Finding the Silver Lining

Yes, general practice faces significant challenges. Demand has reached unprecedented levels, and the sheer volume of work can be overwhelming. However, there are positive developments too.

Technology has enabled practices to manage care in innovative ways – from online consultations to remote monitoring of chronic conditions. Patients can now receive advice without always needing in-person visits. Staff are developing new approaches to triage and prioritise care, ensuring the most urgent needs receive prompt attention. Many practices share a genuine team spirit – a collective commitment to improving care, even under difficult circumstances.

The shift toward team-based care, with more clinical pharmacists, first-contact physiotherapists, and mental health practitioners working in practices, helps distribute the workload. GPs remain central to this system, but they’re no longer alone – benefiting both patients and healthcare providers alike.

So Why Does the Waiting Room Look So Quiet?

Because the real waiting room isn’t the physical space with chairs and magazines. It’s the digital queue – filled with lab results, prescription requests, incoming hospital correspondence, and patients awaiting callbacks. It’s the MDT meeting happening down the hall, or the GP at their desk writing a potentially life-saving referral.

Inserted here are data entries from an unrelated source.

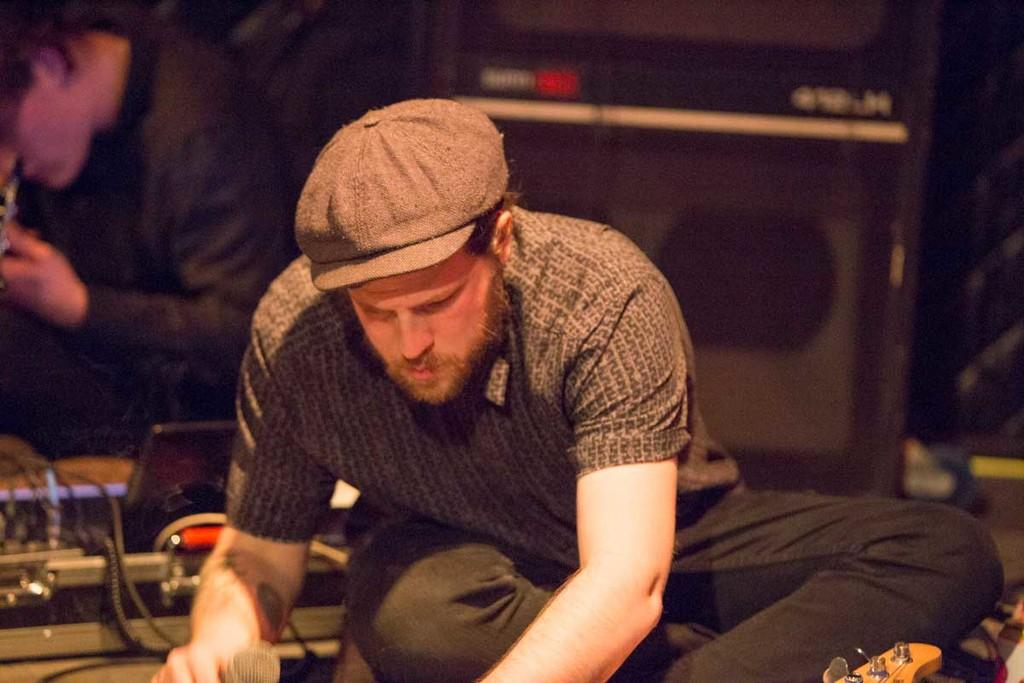What is the person in the image holding? The person is holding a mic in the image. Where is the person holding the mic sitting? The person is sitting on the floor. Can you describe the other person visible in the image? There is another person visible in the image, but their specific actions or features are not mentioned in the provided facts. What else can be seen in the image besides the people? There are musical instruments in the image. What type of hole can be seen in the image? There is no hole present in the image. What sense is being utilized by the person holding the mic? The provided facts do not mention any specific sense being utilized by the person holding the mic. 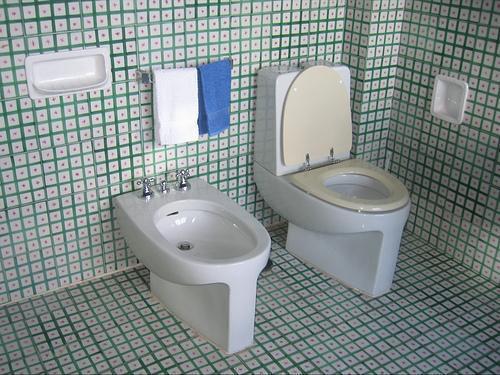How many toilets are in the photo?
Give a very brief answer. 2. 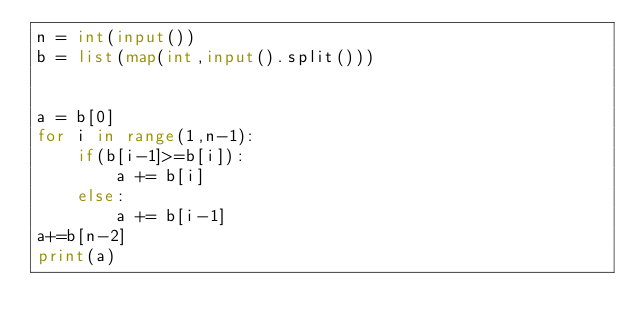Convert code to text. <code><loc_0><loc_0><loc_500><loc_500><_Python_>n = int(input())
b = list(map(int,input().split()))


a = b[0]
for i in range(1,n-1):
    if(b[i-1]>=b[i]):
        a += b[i]
    else:
        a += b[i-1]
a+=b[n-2]
print(a)</code> 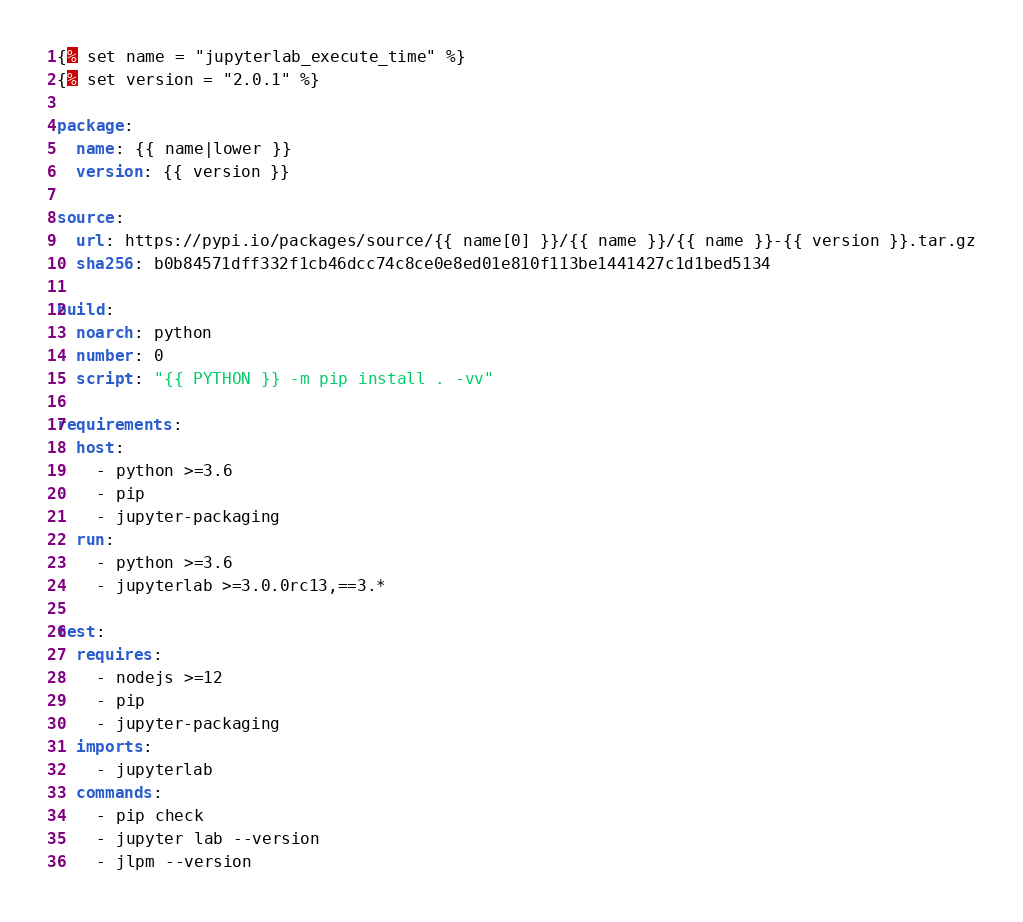Convert code to text. <code><loc_0><loc_0><loc_500><loc_500><_YAML_>{% set name = "jupyterlab_execute_time" %}
{% set version = "2.0.1" %}

package:
  name: {{ name|lower }}
  version: {{ version }}

source:
  url: https://pypi.io/packages/source/{{ name[0] }}/{{ name }}/{{ name }}-{{ version }}.tar.gz
  sha256: b0b84571dff332f1cb46dcc74c8ce0e8ed01e810f113be1441427c1d1bed5134

build:
  noarch: python
  number: 0
  script: "{{ PYTHON }} -m pip install . -vv"

requirements:
  host:
    - python >=3.6
    - pip
    - jupyter-packaging
  run:
    - python >=3.6
    - jupyterlab >=3.0.0rc13,==3.*

test:
  requires:
    - nodejs >=12
    - pip
    - jupyter-packaging
  imports:
    - jupyterlab
  commands:
    - pip check
    - jupyter lab --version
    - jlpm --version</code> 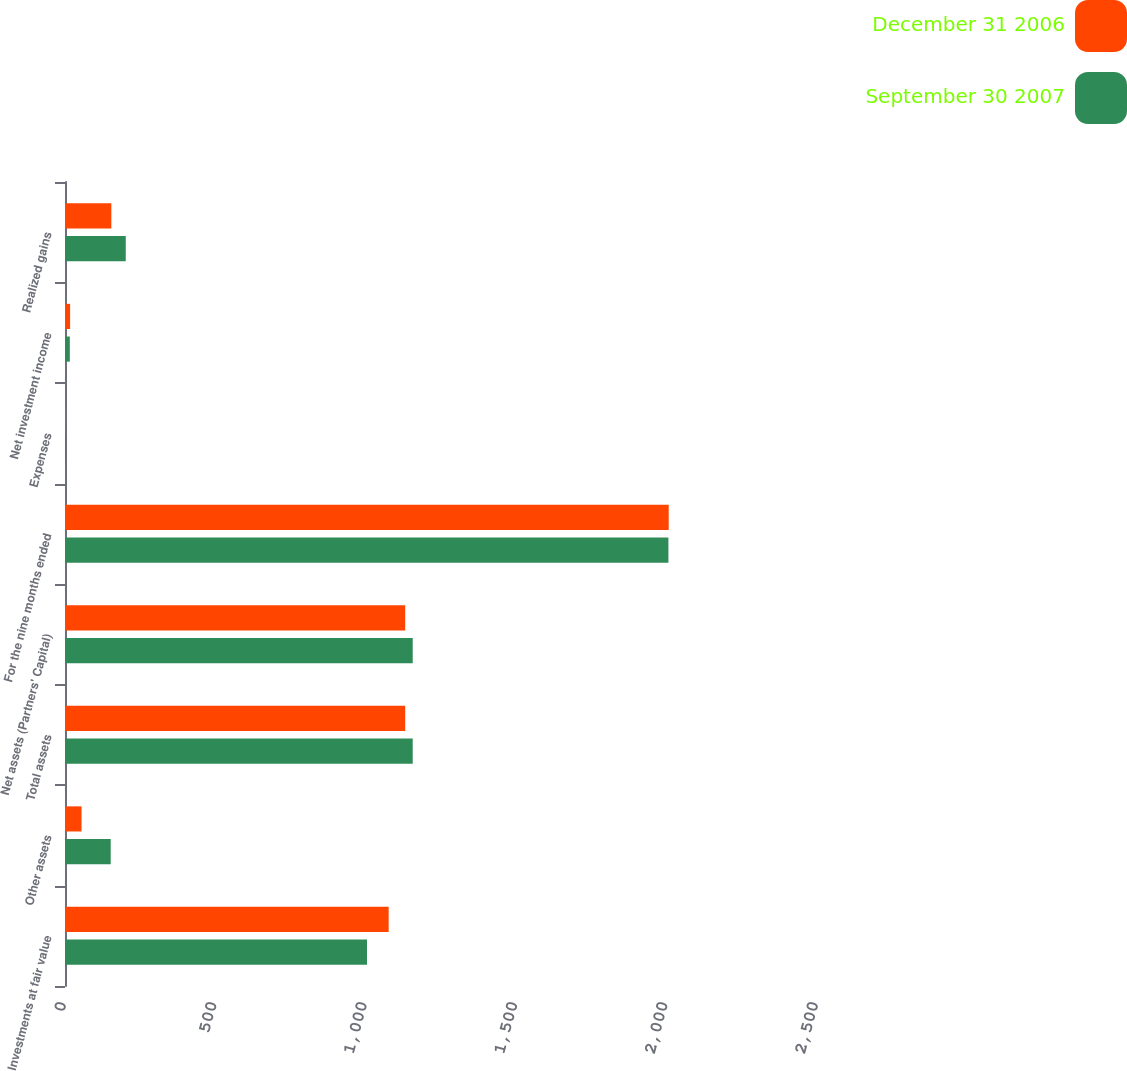Convert chart to OTSL. <chart><loc_0><loc_0><loc_500><loc_500><stacked_bar_chart><ecel><fcel>Investments at fair value<fcel>Other assets<fcel>Total assets<fcel>Net assets (Partners' Capital)<fcel>For the nine months ended<fcel>Expenses<fcel>Net investment income<fcel>Realized gains<nl><fcel>December 31 2006<fcel>1076<fcel>55<fcel>1131<fcel>1131<fcel>2007<fcel>2<fcel>17<fcel>154<nl><fcel>September 30 2007<fcel>1004<fcel>152<fcel>1156<fcel>1156<fcel>2006<fcel>3<fcel>16<fcel>202<nl></chart> 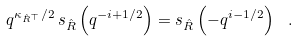Convert formula to latex. <formula><loc_0><loc_0><loc_500><loc_500>q ^ { \kappa _ { \hat { R } ^ { \top } } / 2 } \, s _ { \hat { R } } \left ( q ^ { - i + { 1 } / { 2 } } \right ) = s _ { \hat { R } } \left ( - q ^ { i - { 1 } / { 2 } } \right ) \ .</formula> 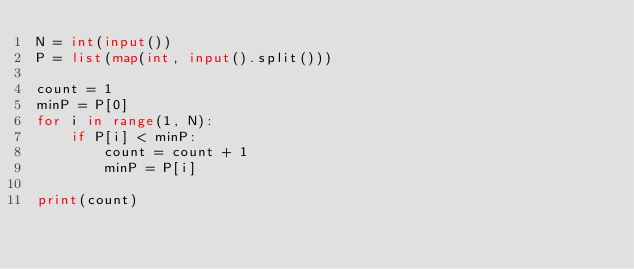<code> <loc_0><loc_0><loc_500><loc_500><_Python_>N = int(input())
P = list(map(int, input().split()))

count = 1
minP = P[0]
for i in range(1, N):
    if P[i] < minP:
        count = count + 1
        minP = P[i]

print(count)</code>

When you’re told there’s a wait to see your GP, or you notice an empty waiting room, remember this: general practice hasn’t stopped working. It’s operating in less visible but equally vital ways.

Your GP isn’t sitting idle. They’re behind the scenes – reviewing, prescribing, calling, referring, consulting, and coordinating – often simultaneously. The quiet waiting room doesn’t indicate inactivity; rather, it reflects everything happening at once, just beyond your view.